I didn't know about the orange pi. I shall go take a look. I haven't
gotten my pi3 working yet, something is wrong with my image I think, or
perhaps I'm not using a powerful enough power cable, though I thought
the pi2 cable would work on the pi3, <sigh>. I knew about the banana
pi, and I've heard of others though I've not checked them out in detail,
once I saw price wasn't comparable to the raspberry pi, but orange is a
new one on me.
On 2/28/2017 2:28 AM, Bo Berglund wrote:
On Mon, 27 Feb 2017 22:25:26 -0300, Andreas
<andreasberger....@gmail.com> wrote:
The company I work for will be realizing an embedded project using
Orange PI. I can use any tool I want, but the project will be on a
Orange PI (A very small chance of Raspberry PI). Does any one have FPC
running on Orange PI? If so would you be willing to help me get set up?
I am totally unpracticed in Linux, but am sure I can get into it.
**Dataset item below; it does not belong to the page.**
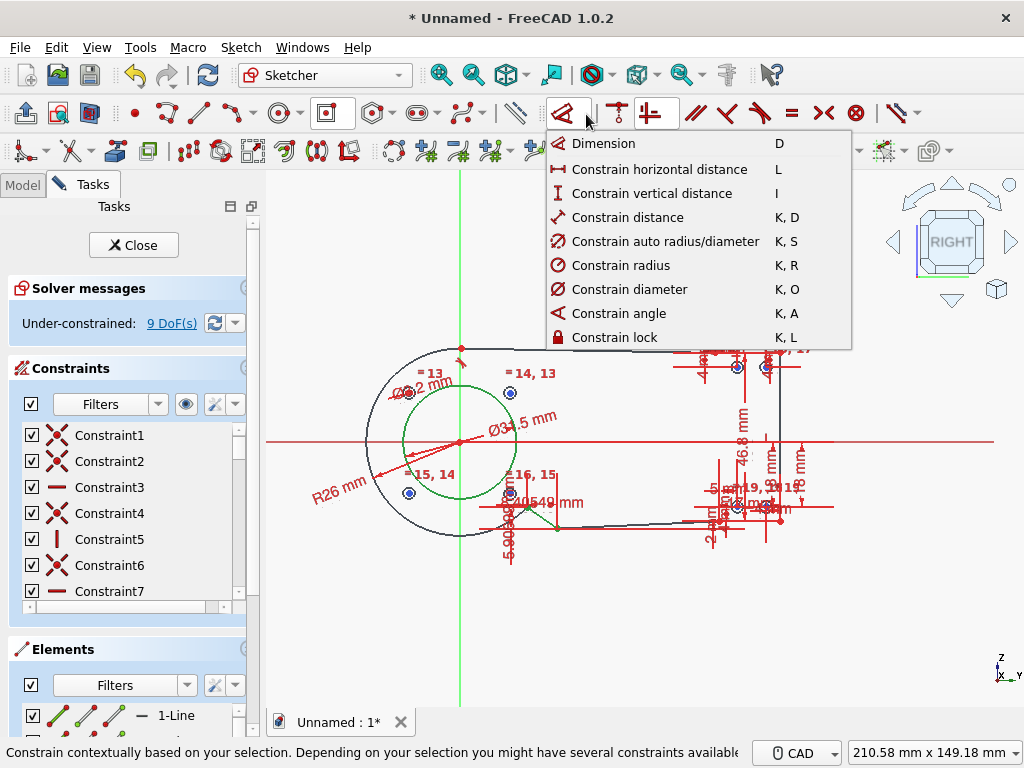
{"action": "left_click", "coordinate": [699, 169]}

I have not used the Orange Pi, but reading the site www.orangepi.org
it seems to be a clone of the Raspberry Pi and it also seems like
there are 9 different models of it.
So in order to come further:
Which exact model are you thinking of using?
I have used FPC/Lazarus on a range of Raspberry Pi models now on RPi3B
and it has worked just fine. One has to install carefully from the
command line to get the proper versions, but I have written a script
to do just that. It works on the Raspbian operating system (a Debian
version) and basically does all you need to get the stuff on board.
However, it uses a starting fpc compiler built for the RPi3B, which is
downloaded from my site (since I could not find a suitable compiler
only download). This may or may not work on an Orange Pi device...
Warning:
On their site's download page are listed a number of instances of
Raspbian, but these are not the current Raspbian versions.
The ones I found are from 2015-06-06, 2016-11-08, 2016-11-12 and
2016-11-16.
So it seems likely they are tweaked versions of the "real" Raspbian,
which might cause concerns down the line.
Why not go with the original Raspberry Pi instead?